Friday, April 17, 2020

Soya Chunks Biryani....Special Recipe

Soy is a good source of protein for vegetarians and vegans or for people who want to reduce the amount of meat they eat. Soy protein products can be good substitutes for animal products because, unlike some other beans, soy offers a 'complete' protein profile. Soy protein products can replace animal-based food which also have complete proteins but tend to contain more fat, especially saturated fat without requiring major adjustments elsewhere in the diet.100 grams of raw soybeans supply 446 calories and are 9% water, 30% carbohydrates, 20% total fat and 36% protein. Source taken from https://en.wikipedia.org/wiki/Soybean 


Soya Chunks are known for its various health benefits. It's good source of Omega-3 Fatty Acid and Fiber, it can benefit in lowering down Cholesterol levels in a body. It enhances Bone health and Digestibility. It's also a good source of Vitamin B, Vitamin K, Riboflavin and Folate (Vitamin B 9). It's a good source of Minerals namely Manganese, Iron, Calcium and Magnesium. Due to good Fiber content, it helps you keep a close check on your body weight and fight Diabetes. Its high content of Magnesium has shown results in fighting Insomnia. In some people, Soy products may suppress Thyroid function, cause Flatulence and Diarrhea, and lead to allergic reactions.

Soya Chunks Biryani is one of the easiest, delicious and flavorful Biryani. The main ingredients of
Soya Chunks Biryani are Soya Chunks, Basmati Rice, Curd and Spices. Hope you will give this a try and let me know how it turns out for you.





Prep Time: 30 mins
Cook Time: 1 hr

Total Time: 1 hr and 30 mins
Servings: 3-4

Course: Lunch and Dinner

Cuisine: Indian

Author: Ayesha Md


Ingredients:

For Soya Chunks and Layering:

100-150 gm Soya Chunks
2 tbsp ginger and garlic paste
150 ml beaten yogurt
1 tbsp red chilli powder or (as per taste)
1 tsp kashmirilal mirch powder
2 medium size onions, thinly sliced
salt as per taste
2 bay leaves
2 small cinnamon sticks
3 cloves
4-6 black peppercorns
1 black cardamom
2 green cardamoms
1 tsp cumin seeds
100 ml oil
a cup of fresh mint leaves
2-4 green chillies whole (remove the stems)
1 star anise
3-4 tbsp Shan/Al-Aziz/Rehmat Biryani Masala
1 tbsp Kewra water to sprinkle
a pinch of saffron color mix with 2 tbsp of milk
2 tbsp of ghee
some dry fruits (as per your choice)
50-75 ml of water (1/2 cup)
2 medium size tomatoes, chopped


For Boiling rice:

500 gm Basmati (White or brown) rice
Water required for boiling the rice
salt as per taste
2 bay leaves
2 small cinnamon sticks
2 cloves
2 green cardamoms
1 black cardamom
4-6 black peppercorns
1 star anise




Instructions:

1) Wash and soak basmati (white or brown) rice for 1 hr at least.
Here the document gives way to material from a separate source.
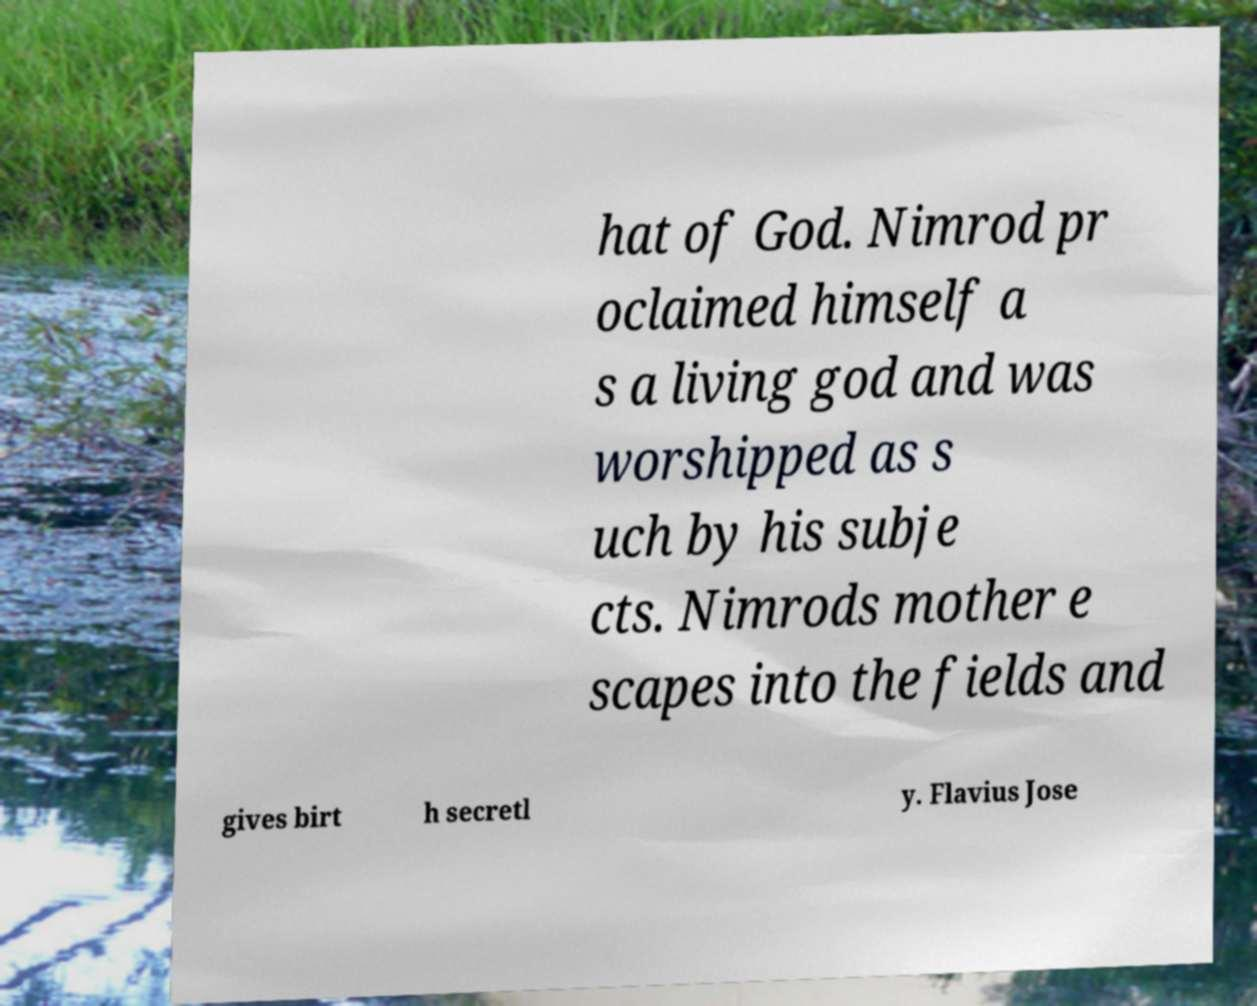For documentation purposes, I need the text within this image transcribed. Could you provide that? hat of God. Nimrod pr oclaimed himself a s a living god and was worshipped as s uch by his subje cts. Nimrods mother e scapes into the fields and gives birt h secretl y. Flavius Jose

2) Take an empty vessel, boil water with some salt and add the Soya Chunks. Cook on medium flame for 15 minutes. Turn off the flame. Drain the excess water, and rinse with cold water and squeeze it till dry. Keep aside.



3) Heat oil into a pot vessel, then add bay leaves, cinnamon sticks, green cardamoms, black peppercorns, star anise, black cardamom and cumin seeds cook till they crackle.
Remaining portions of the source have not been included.